TimZaman · 2016-05-30T13:02:23Z

Needed this for identifying potential CPU (and disk) bottlenecks (for example for testing preprocessing during for #777).
Issues that this will immediately reveal is for example the 1200% CPU usage I had due to some over-optimization in my BLAS library.
Works for Caffe and Torch, but the psutil manual tells me disk usage is not supported on Windows so I'm checking for that one.

Ready for review

Caffe

## Torch

lukeyeager · 2016-05-31T17:15:33Z

TravisCI failed because you didn't add psutil to requirements.txt or here:
https://github.com/NVIDIA/DIGITS/blob/3863a42395/scripts/travis/install-apt.sh

Can you make it work with psutil v1.2.1? That's what's available on 14.04:
http://packages.ubuntu.com/trusty/python-psutil

the psutil manual tells me disk usage is not supported on Windows so I'm checking for that one

It's probably a good idea to just not display the information if you can't retrieve it on a certain system for whatever reason.

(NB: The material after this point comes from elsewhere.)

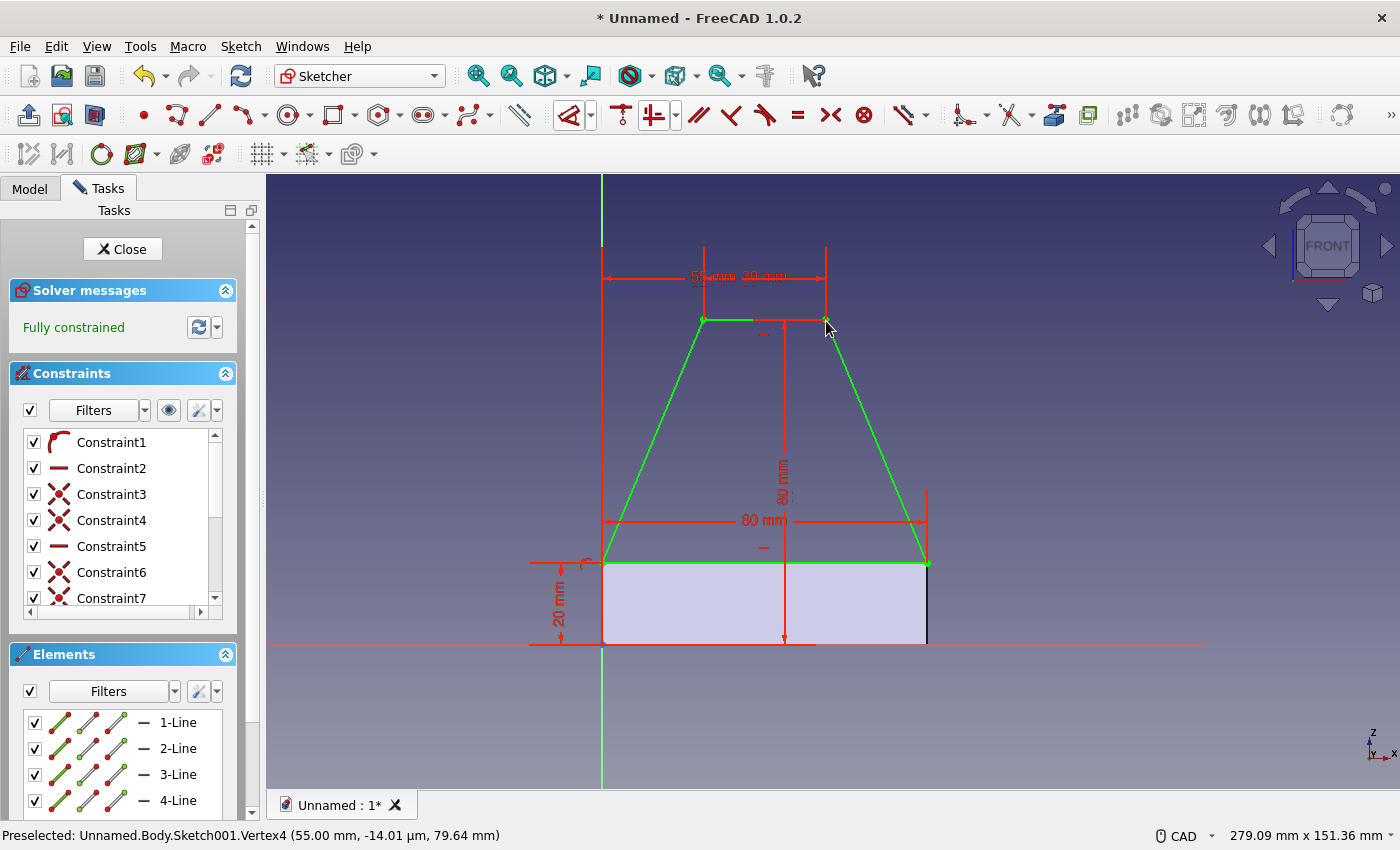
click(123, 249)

TimZaman · 2016-06-01T13:17:12Z

TravisCI failed because you didn't add psutil to requirements.txt or here:

Forgot to commit that one.

It's probably a good idea to just not display the information if you can't retrieve it on a certain system for whatever reason.

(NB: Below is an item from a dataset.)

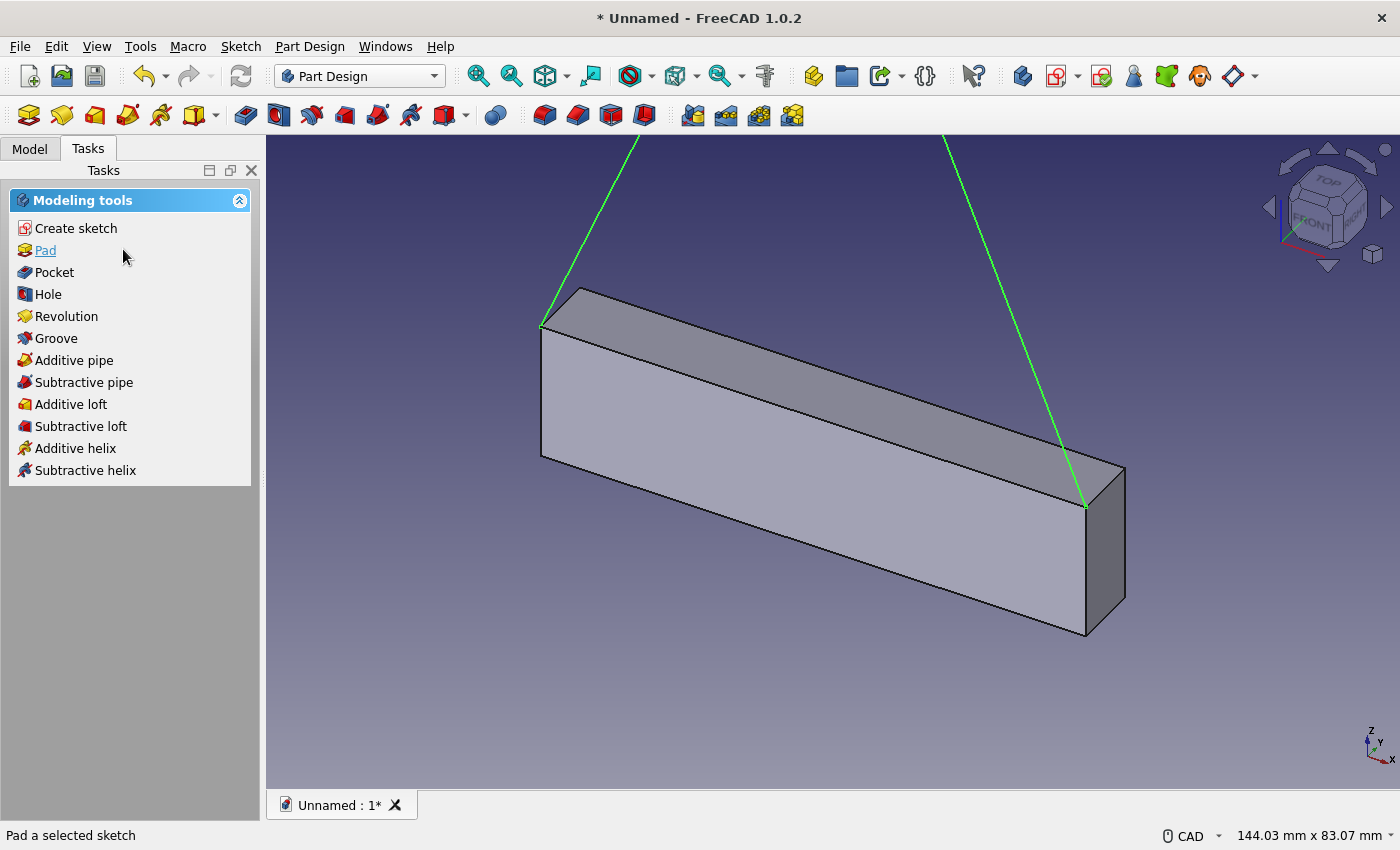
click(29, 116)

Yep that's what I'm already checking for on the front-end. On the back-end, on Windows, I do not even attempt to obtain it (and therefore will not be shown in the front-end).

gheinrich · 2016-06-01T14:57:48Z

This is great. Do you think we could show the CPU utilization for dataset creation too?

TimZaman · 2016-06-01T15:01:02Z

Hmm, probably. But is that useful? I haven't found a need for that myself
so far.

On Wednesday, 1 June 2016, Greg Heinrich notifications@github.com wrote:

This is great. Do you think we could show the CPU utilization for dataset
creation too?

—
You are receiving this because you authored the thread.
Reply to this email directly, view it on GitHub
#800 (comment), or mute
the thread
https://github.com/notifications/unsubscribe/AHXSRITw2671E-UGmgHG_RlzEo4xVDbmks5qHZ31gaJpZM4Ipx6C
.

gheinrich · 2016-06-01T15:21:49Z

It's useful if you want to make sure you are utilizing your CPUs efficiently when creating a large dataset. But don't go out of your way to support that if it's not trivial.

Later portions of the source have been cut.